These are NFTs created for the sole utility of advancing the uptake of sustainable energy. NFTs allow underfunded or even ignored issues to be addressed in a collaborative and incentive-driven manner. Adoption of open-source, decentralized technology has the potential to speed up decarbonization projects for the planet’s benefit, resulting in unprecedented levels of innovation and transparency. Companies such as Melanin Solar’s are experimenting with these types of NFTs, especially after the impressive pilot project in Africa. Working with the decentralized teams and contributors at the Whive Protocol, the Sustainable World Initiative (SWI), and the media team at Kanairo, the company is presently minting the HaPeeBee NFT Collection. They’re working on a community-led approach to sustainability, aiming to create more resilient responses to sustainability such as solar energy mining by integrating the metaverse with sustainable impact via non-fungible tokens (NFTs).
There’s a huge market for digital collectibles, whether it’s a Crypto Wolf NFT or some cute digital bunnies. With the NBA NFT collectible trading cards NBA Top Shot, this use case has even made it into the mainstream. These non-fungible tokens, together with digital NFT art, account for a large chunk of sales on NFT markets like OpenSea, Treasureland, and BakerySwap.
With crypto art, there’s a lot of crossovers, and an NFT may be both a collectible and an artwork. These are the most advanced use cases we already have.
CryptoKitties is a well-known example of digital collectibles. CryptoKitties, which was released in 2017, is a blockchain-based game in which each NFT represents a virtual kitten that users may buy. You might wonder what makes these goods precious.

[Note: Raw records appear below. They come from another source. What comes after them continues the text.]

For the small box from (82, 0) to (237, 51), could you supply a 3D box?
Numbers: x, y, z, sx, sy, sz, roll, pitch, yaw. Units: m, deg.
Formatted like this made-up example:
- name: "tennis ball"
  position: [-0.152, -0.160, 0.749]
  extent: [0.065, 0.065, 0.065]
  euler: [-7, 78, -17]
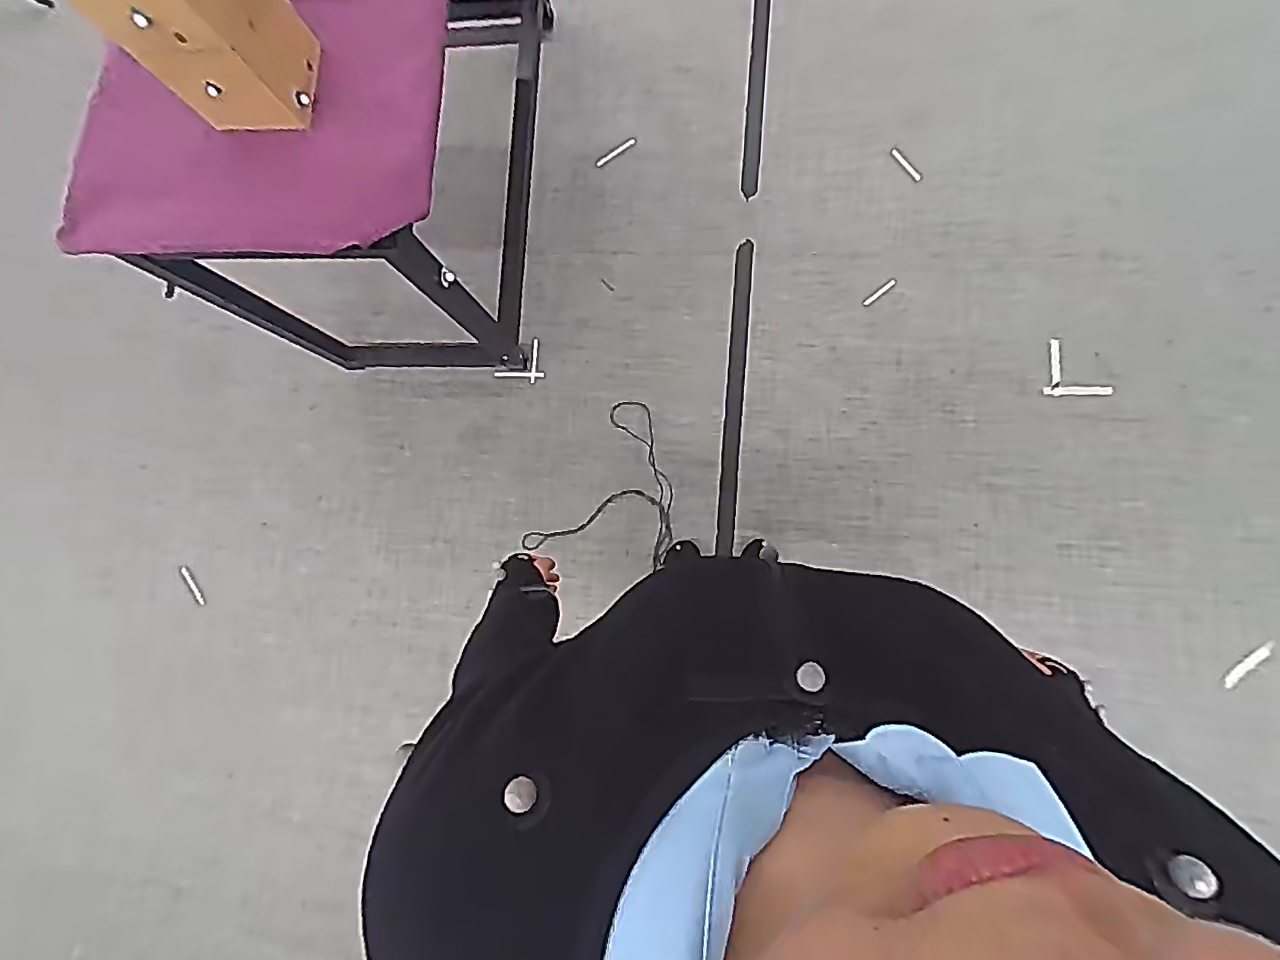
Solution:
- name: "small box"
  position: [-0.667, -0.718, 0.712]
  extent: [0.168, 0.176, 0.179]
  euler: [3, 84, 6]

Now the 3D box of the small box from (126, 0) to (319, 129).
- name: "small box"
  position: [-0.660, -0.703, 0.876]
  extent: [0.179, 0.176, 0.168]
  euler: [3, 84, 6]

Surprisingly, a multitude of factors influence the value of any item. In CryptoKitties, for example, it all comes down to a combination of uncommon aesthetics, features, and utility of those adorable tiny virtual cats.

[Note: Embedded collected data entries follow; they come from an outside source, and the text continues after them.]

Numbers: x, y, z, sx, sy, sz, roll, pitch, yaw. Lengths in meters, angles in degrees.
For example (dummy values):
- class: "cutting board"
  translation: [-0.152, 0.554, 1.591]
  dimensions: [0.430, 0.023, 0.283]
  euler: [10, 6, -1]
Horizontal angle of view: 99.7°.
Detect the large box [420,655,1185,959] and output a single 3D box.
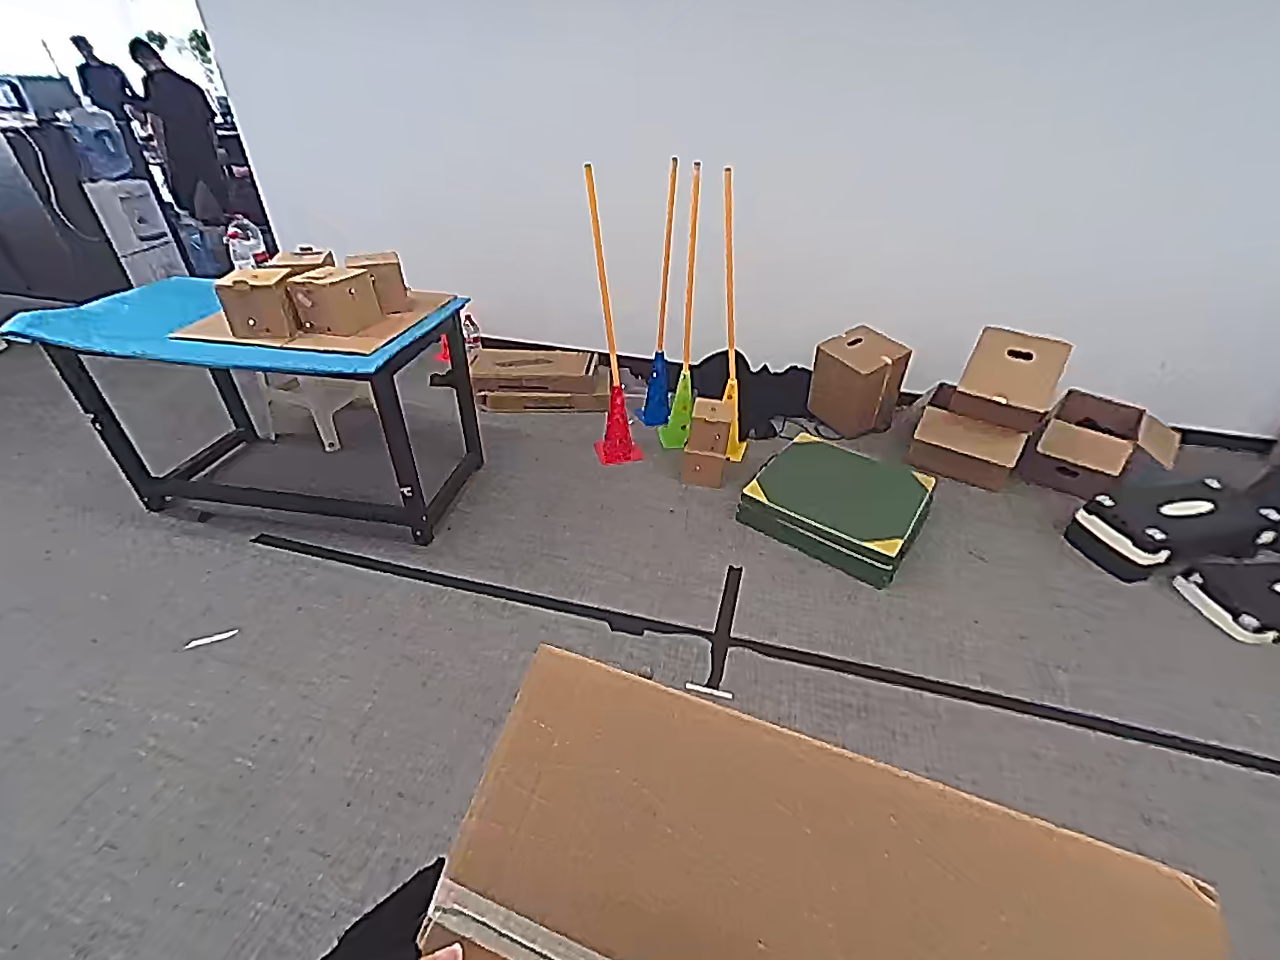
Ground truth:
- class: "large box"
  translation: [0.082, 0.373, 0.418]
  dimensions: [0.408, 0.320, 0.320]
  euler: [14, 65, 15]

Because the value of NFTs is determined by their rarity, they pave the way for the digitization of the collectibles market. Not to be forgotten, NFT collectibles encourage proof of ownership in order to safeguard the underlying digital materials from copywriting infringement. Another example is the first tweet by Jack Dorsey is a great example of an NFT collectible. While a CryptoPunk is collectible and artistically appealing, Dorsey’s NFT is valuable solely for its rarity.
Dorsey used Valuables, a platform that tokenizes tweets, to sell the NFT. One can place an offer on any tweet. Anyone can come in and outbid you with a counter-offer. The tweet author then has the option to accept or reject the offer. If they agree, the tweet will be minted on the blockchain, resulting in a one-of-a-kind NFT with their signature. Each NFT is authenticated by the verified creator’s Twitter @handle, ensuring that only the original author can mint NFTs. This method creates a digital, limited-edition item that can be traded or kept. Selling a tweet is a difficult notion to grasp, but it’s a perfect example of how NFTs produce collectibility. It’s effectively a digital replica of a handwritten autograph.
Unique tradable and purchasable objects are in high demand in gaming. Their scarcity has a direct impact on their value, and gamers are already used to the concept of valuable digital objects. Microtransactions and in-game purchases have spawned a multibillion-dollar gaming sector that could benefit from NFTs and blockchain. According to James Burke, CEO of Outlier Ventures, “people spend five times more in a blockchain game than in a conventional game.”
For gamers, gaming NFTs signify art, collectibility, and functionality. Consider Axie Infinity and Battle Pets, which are Pokémon-style games that make pets and other unique goods transferable in the form of non-fungible tokens that can be bought and traded on external, peer-to-peer marketplaces Each day, 2 million users play with the tiny swirls of Axie Infinity, which has a market capitalization of $3 billion. Roblox has emerged to be a powerhouse in blockchain-based gaming. In terms of what an NFT signifies is an intriguing field. Tokens for video games mix elements of beauty, collectability, and player utility. Nonetheless, NFT deployment in big-budget video games is still far on the horizon.
NFTs and the gaming sector are a winning mixture. By permitting NFT cross-platform gameplay, NFTs can be integrated into the gaming world. NFTs provide game publishers with a new method to spread their brand and generate cash, while players are more likely to continue playing a game if they already own characters or goods in it.
NFTs in Logistics
Because of its immutability and transparency, blockchain technology can also be valuable in the logistics industry. These features ensure that supply chain data is accurate and trustworthy. It’s critical to know where food, commodities, and other perishable things have been and for how long.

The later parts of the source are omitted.